◆ RECORDS ◆
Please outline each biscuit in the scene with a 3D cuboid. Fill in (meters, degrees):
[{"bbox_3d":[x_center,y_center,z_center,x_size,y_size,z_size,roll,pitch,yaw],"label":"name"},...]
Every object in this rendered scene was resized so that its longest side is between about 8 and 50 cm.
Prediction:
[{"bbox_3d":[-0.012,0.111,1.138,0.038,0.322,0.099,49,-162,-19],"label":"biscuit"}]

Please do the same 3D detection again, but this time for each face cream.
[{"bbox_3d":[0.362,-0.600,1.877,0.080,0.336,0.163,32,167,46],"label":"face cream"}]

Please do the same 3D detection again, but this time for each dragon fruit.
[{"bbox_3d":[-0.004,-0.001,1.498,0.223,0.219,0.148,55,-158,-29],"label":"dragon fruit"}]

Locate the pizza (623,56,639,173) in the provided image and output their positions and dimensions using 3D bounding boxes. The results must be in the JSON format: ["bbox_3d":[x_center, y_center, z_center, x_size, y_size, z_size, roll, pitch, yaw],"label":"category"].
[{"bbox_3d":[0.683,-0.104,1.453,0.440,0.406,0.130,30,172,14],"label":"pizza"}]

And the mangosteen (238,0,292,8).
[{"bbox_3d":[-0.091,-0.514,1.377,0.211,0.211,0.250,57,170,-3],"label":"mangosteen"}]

...

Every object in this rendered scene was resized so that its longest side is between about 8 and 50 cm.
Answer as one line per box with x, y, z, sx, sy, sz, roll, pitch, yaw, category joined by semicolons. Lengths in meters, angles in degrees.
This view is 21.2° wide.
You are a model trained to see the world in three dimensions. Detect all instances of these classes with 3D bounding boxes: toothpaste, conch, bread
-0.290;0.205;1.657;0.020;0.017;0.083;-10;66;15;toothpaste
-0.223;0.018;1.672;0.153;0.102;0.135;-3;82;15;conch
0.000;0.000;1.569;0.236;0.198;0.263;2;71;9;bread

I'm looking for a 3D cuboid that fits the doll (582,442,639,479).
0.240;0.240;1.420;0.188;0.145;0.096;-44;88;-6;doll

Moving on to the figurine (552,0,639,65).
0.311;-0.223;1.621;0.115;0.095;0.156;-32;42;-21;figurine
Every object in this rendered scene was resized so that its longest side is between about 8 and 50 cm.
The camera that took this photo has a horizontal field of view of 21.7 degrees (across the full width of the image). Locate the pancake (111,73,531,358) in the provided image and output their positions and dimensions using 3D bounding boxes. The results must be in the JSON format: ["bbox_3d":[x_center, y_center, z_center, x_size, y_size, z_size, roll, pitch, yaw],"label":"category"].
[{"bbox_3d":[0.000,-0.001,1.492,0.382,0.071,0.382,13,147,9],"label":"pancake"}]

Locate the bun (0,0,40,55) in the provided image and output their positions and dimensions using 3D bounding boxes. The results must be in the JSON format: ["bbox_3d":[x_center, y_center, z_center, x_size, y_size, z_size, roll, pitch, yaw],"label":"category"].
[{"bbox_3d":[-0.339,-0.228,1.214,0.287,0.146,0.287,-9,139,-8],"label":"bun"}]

◆ EXERCISE PROMPT ◆
Write out exactly the lines above between the line with "Answer as one" and the line with "This view is 21.2° wide.", inclusive, and nothing beyond them.

◆ FINISHED TASK ◆
Answer as one line per box with x, y, z, sx, sy, sz, roll, pitch, yaw, category joined by semicolons. Lengths in meters, angles in degrees.
This view is 21.2° wide.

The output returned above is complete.